Redécouvrir Smooth Talk de Joyce Chopra, avec Laura Dern, en DVD. Une autre époque.
Fuyant le carcan familial (classe moyenne de la Caroline du Nord, ethniquement blanche à 100%), un trio de pétasses teenage décérébrées, en tenues légères, ongles (des pieds) peints, brushing, le tout orchestré pour l’entreprise de séduction, se mettent en chasse dans le mall avoisinant, mises en joie à l’idée d’y allumer franco les mâles pubères qui y traînent en meute après les heures de lycée.
Laura Dern délurée puis…
La plus ardente et délurée de la petite bande : Connie, 15 ans, en proie à d’incoercibles poussées libidinales qu’accusent, et sa frustration d’adolescente point encore déflorée, et les rapports tendus qu’elle entretient avec sa génitrice, femme au foyer bien intentionnée mais oppressante, et décidément mieux en phase avec la sœur cadette de Connie, plus soumise à la routine domestique.

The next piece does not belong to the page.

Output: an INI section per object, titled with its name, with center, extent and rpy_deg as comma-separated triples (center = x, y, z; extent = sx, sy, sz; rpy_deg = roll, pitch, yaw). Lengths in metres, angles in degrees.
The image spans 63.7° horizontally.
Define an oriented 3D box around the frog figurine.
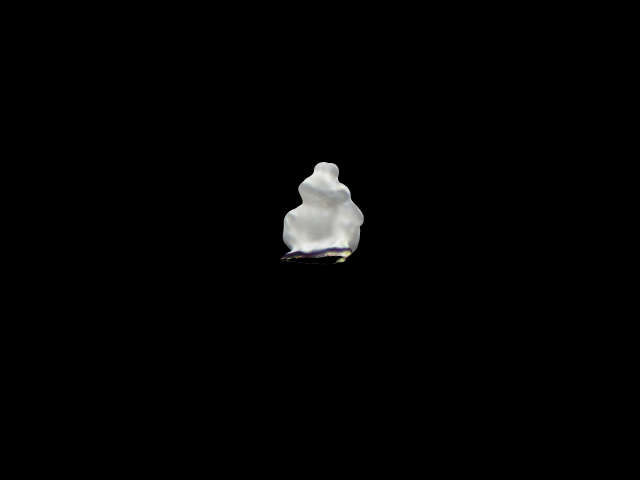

Dans le rôle rebelle de Connie, la fraîche et future star Laura Dern (née en 1967, la comédienne n’a pas 18 ans au moment du tournage), immortalisée par la suite, comme l’on sait, par David Lynch grâce à Blue Velvet, Sailor et Lula, Inland Empire, Twin Peaks… En attendant, Smooth Talk mérite d’autant plus de se voir exhumé aujourd’hui par les soins de Carlotta Films, que cette « comédie dramatique », comme on dit, dresse une image de la féminité aux antipodes de la sanctification victimaire opérée de nos jours par les Torquemada du woke à l’endroit de la gente masculine. De fait, au moins dans la première partie du film, ce sont bel et bien les filles qui, à deux doigts du « passage à l’acte », « agressent » sexuellement les petits puceaux. Lesquels, en retour, partent battus d’avance dans leur drague maladroite ou lourdingue.
… sous « emprise »
Aujourd’hui âgée de 87 ans, la réalisatrice Joyce Chopra n’a jamais que deux longs métrages au compteur. Après l’échec commercial du second The Lemon Sisters, elle enchaînera les téléfilms et les séries américaines pur jus. Millésimé 1985, ce film inaugural échappe assez subtilement aux clichés d’époque sur la jeunesse débile et consumériste yankee : dans la seconde partie, les parents et leur seconde fille se sont barrés pour un barbecue chez des amis, festivité auquel Connie, particulièrement sur les nerfs, a décidé de se soustraire. La voilà donc laissée seule dans la maison isolée quand, dans le jardin, déboule au volant de son américaine décapotable tape-à-l’œil, flanqué d’un passager mutique, vaguement inquiétant avec son transistor rivé à l’oreille, ce garçon mystérieux, plus âgé que la moyenne, et qui lui tournait déjà autour – enjôleur, doucereux, hypnotique. « Arnold Friend » – c’est son nom, calligraphié même sur la carrosserie – parvient à arracher la demoiselle – passive paniquée, fascinée – à son home : aujourd’hui, on ne manquerait pas de la dire « sous emprise ». L’ami Arnold Friend l’entreprend avec beaucoup d’adresse, jusqu’à la persuader de « faire un tour » avec lui en caisse dans la cambrousse, tandis que le compère prend ses aises sur place, dans l’attente de leur retour, chose faite. Ce qui s’est passé dans les herbages restera hors champ. On peut parier qu’un tel « viol » ne souffrirait pas, en 2024, de se voir ainsi suggéré dans cette elliptique ambiguïté. Car en 2024, l’équivoque n’est plus de mise. Si la Femme est victime, il faut que l’Homme soit coupable ; il n’y a pas de prédatrice, il n’y a que des prédateurs. Adaptation talentueuse d’un texte de la prolifique Joyce Carol Oates, cette « conversation douce » murmure a contrario la dangereuse incertitude du désir.
Smooth Talk. Film de Joyce Chopra. Avec Laura Dern et Treat Williams. Etats-Unis, couleur, 1985. Durée : 1h31. Blu-Ray Carlotta Films (restauration 4K).